AVAILABLE DATA:
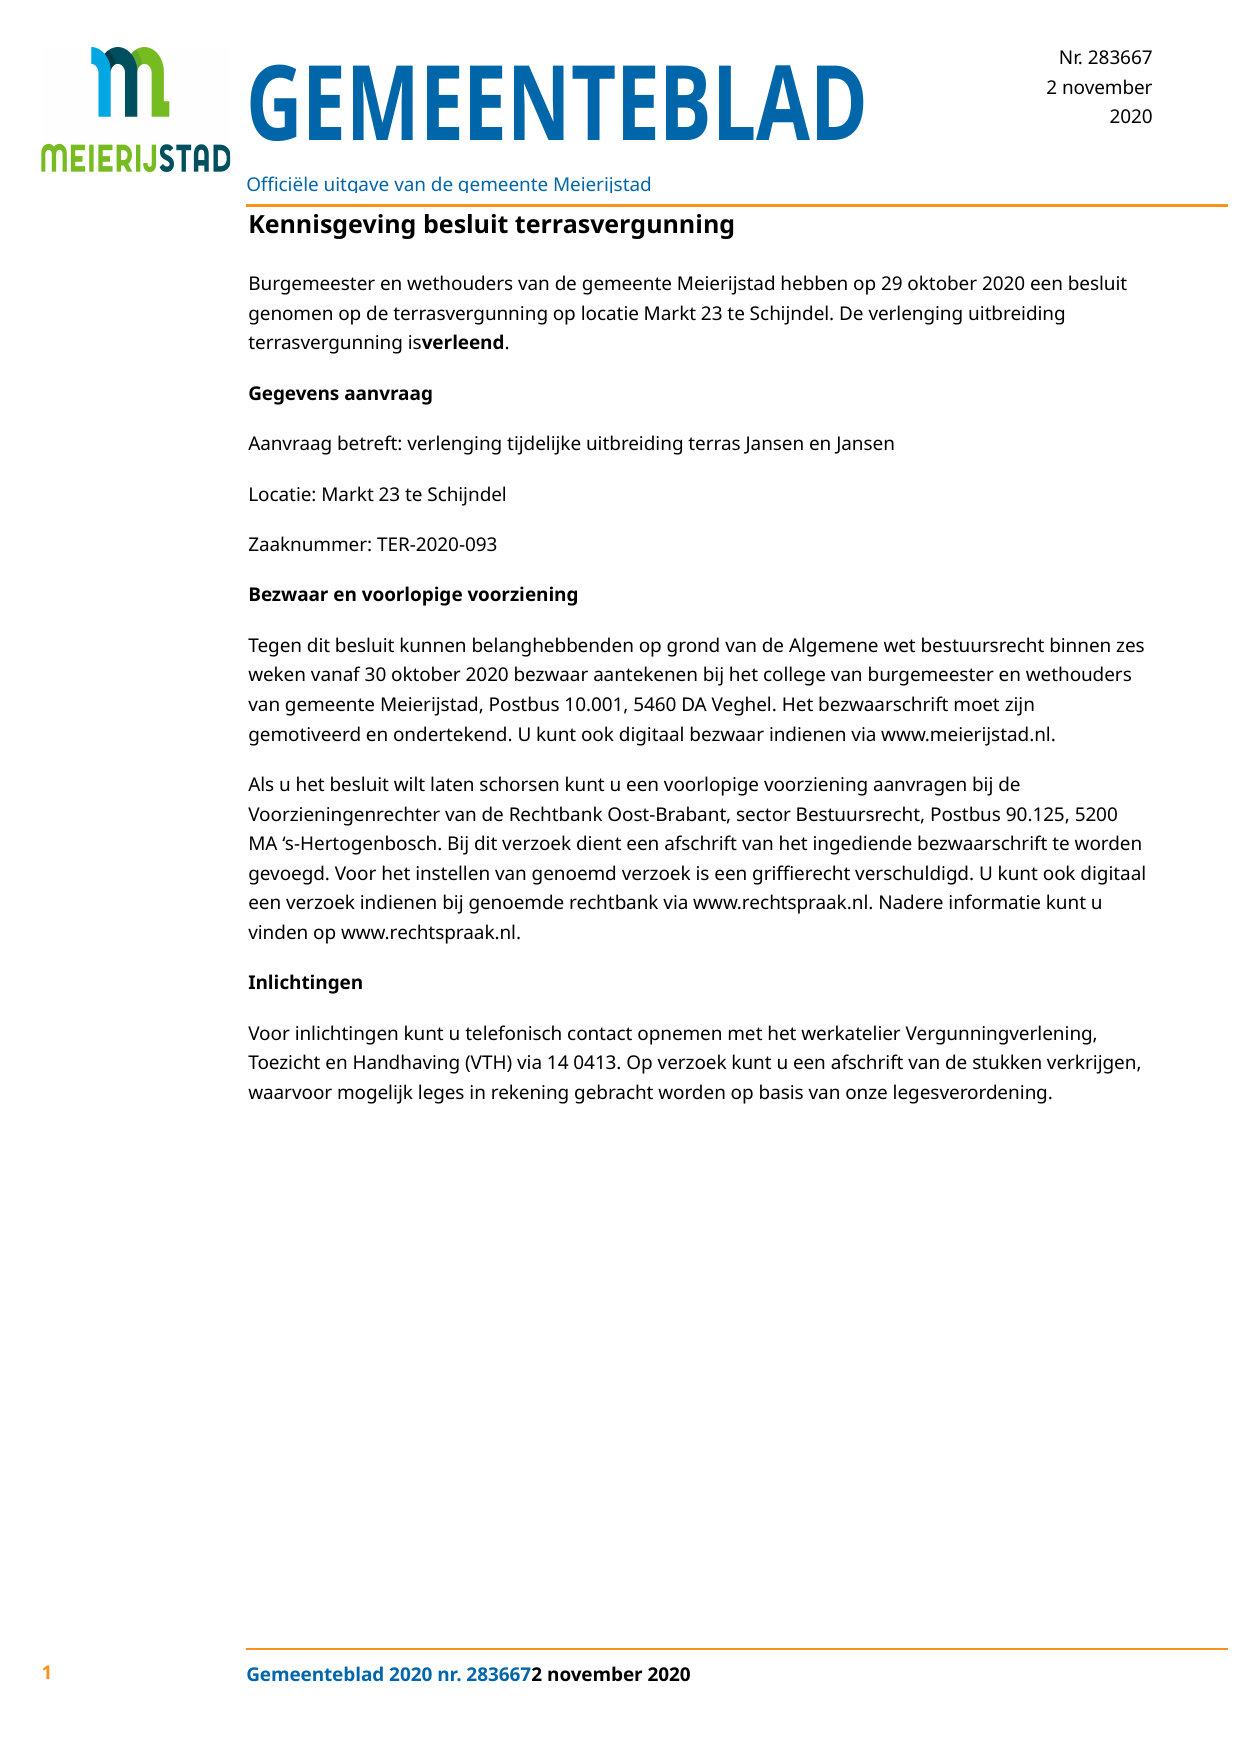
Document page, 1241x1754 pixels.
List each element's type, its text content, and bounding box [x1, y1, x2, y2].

text Inlichtingen [248, 969, 1152, 995]
text Locatie: Markt 23 te Schijndel [248, 481, 1152, 506]
text Als u het besluit wilt laten schorsen kunt u een voorlopige voorziening aanvragen bij de Voorzieningenrechter van de Rechtbank Oost-Brabant, sector Bestuursrecht, Postbus 90.125, 5200 MA ‘s-Hertogenbosch. Bij dit verzoek dient een afschrift van het ingediende bezwaarschrift te worden gevoegd. Voor het instellen van genoemd verzoek is een griffierecht verschuldigd. U kunt ook digitaal een verzoek indienen bij genoemde rechtbank via www.rechtspraak.nl. Nadere informatie kunt u vinden op www.rechtspraak.nl. [248, 771, 1152, 945]
text Aanvraag betreft: verlenging tijdelijke uitbreiding terras Jansen en Jansen [248, 430, 1152, 456]
text Burgemeester en wethouders van de gemeente Meierijstad hebben op 29 oktober 2020 een besluit genomen op de terrasvergunning op locatie Markt 23 te Schijndel. De verlenging uitbreiding terrasvergunning isverleend. [248, 270, 1152, 355]
text Kennisgeving besluit terrasvergunning [248, 207, 1152, 241]
text Voor inlichtingen kunt u telefonisch contact opnemen met het werkatelier Vergunningverlening, Toezicht en Handhaving (VTH) via 14 0413. Op verzoek kunt u een afschrift van de stukken verkrijgen, waarvoor mogelijk leges in rekening gebracht worden op basis van onze legesverordening. [248, 1020, 1152, 1105]
text Bezwaar en voorlopige voorziening [248, 582, 1152, 607]
text Gegevens aanvraag [248, 380, 1152, 406]
text Tegen dit besluit kunnen belanghebbenden op grond van de Algemene wet bestuursrecht binnen zes weken vanaf 30 oktober 2020 bezwaar aantekenen bij het college van burgemeester en wethouders van gemeente Meierijstad, Postbus 10.001, 5460 DA Veghel. Het bezwaarschrift moet zijn gemotiveerd en ondertekend. U kunt ook digitaal bezwaar indienen via www.meierijstad.nl. [248, 632, 1152, 746]
picture [41, 47, 231, 172]
text Zaaknummer: TER-2020-093 [248, 531, 1152, 557]

GOAL OF THE EXERCISE: Look for the word "Schijndel". Copy out every line of the data that has it.

ANSWER:
text Locatie: Markt 23 te Schijndel [248, 481, 1152, 506]
text Burgemeester en wethouders van de gemeente Meierijstad hebben op 29 oktober 2020 een besluit genomen op de terrasvergunning op locatie Markt 23 te Schijndel. De verlenging uitbreiding terrasvergunning isverleend. [248, 270, 1152, 355]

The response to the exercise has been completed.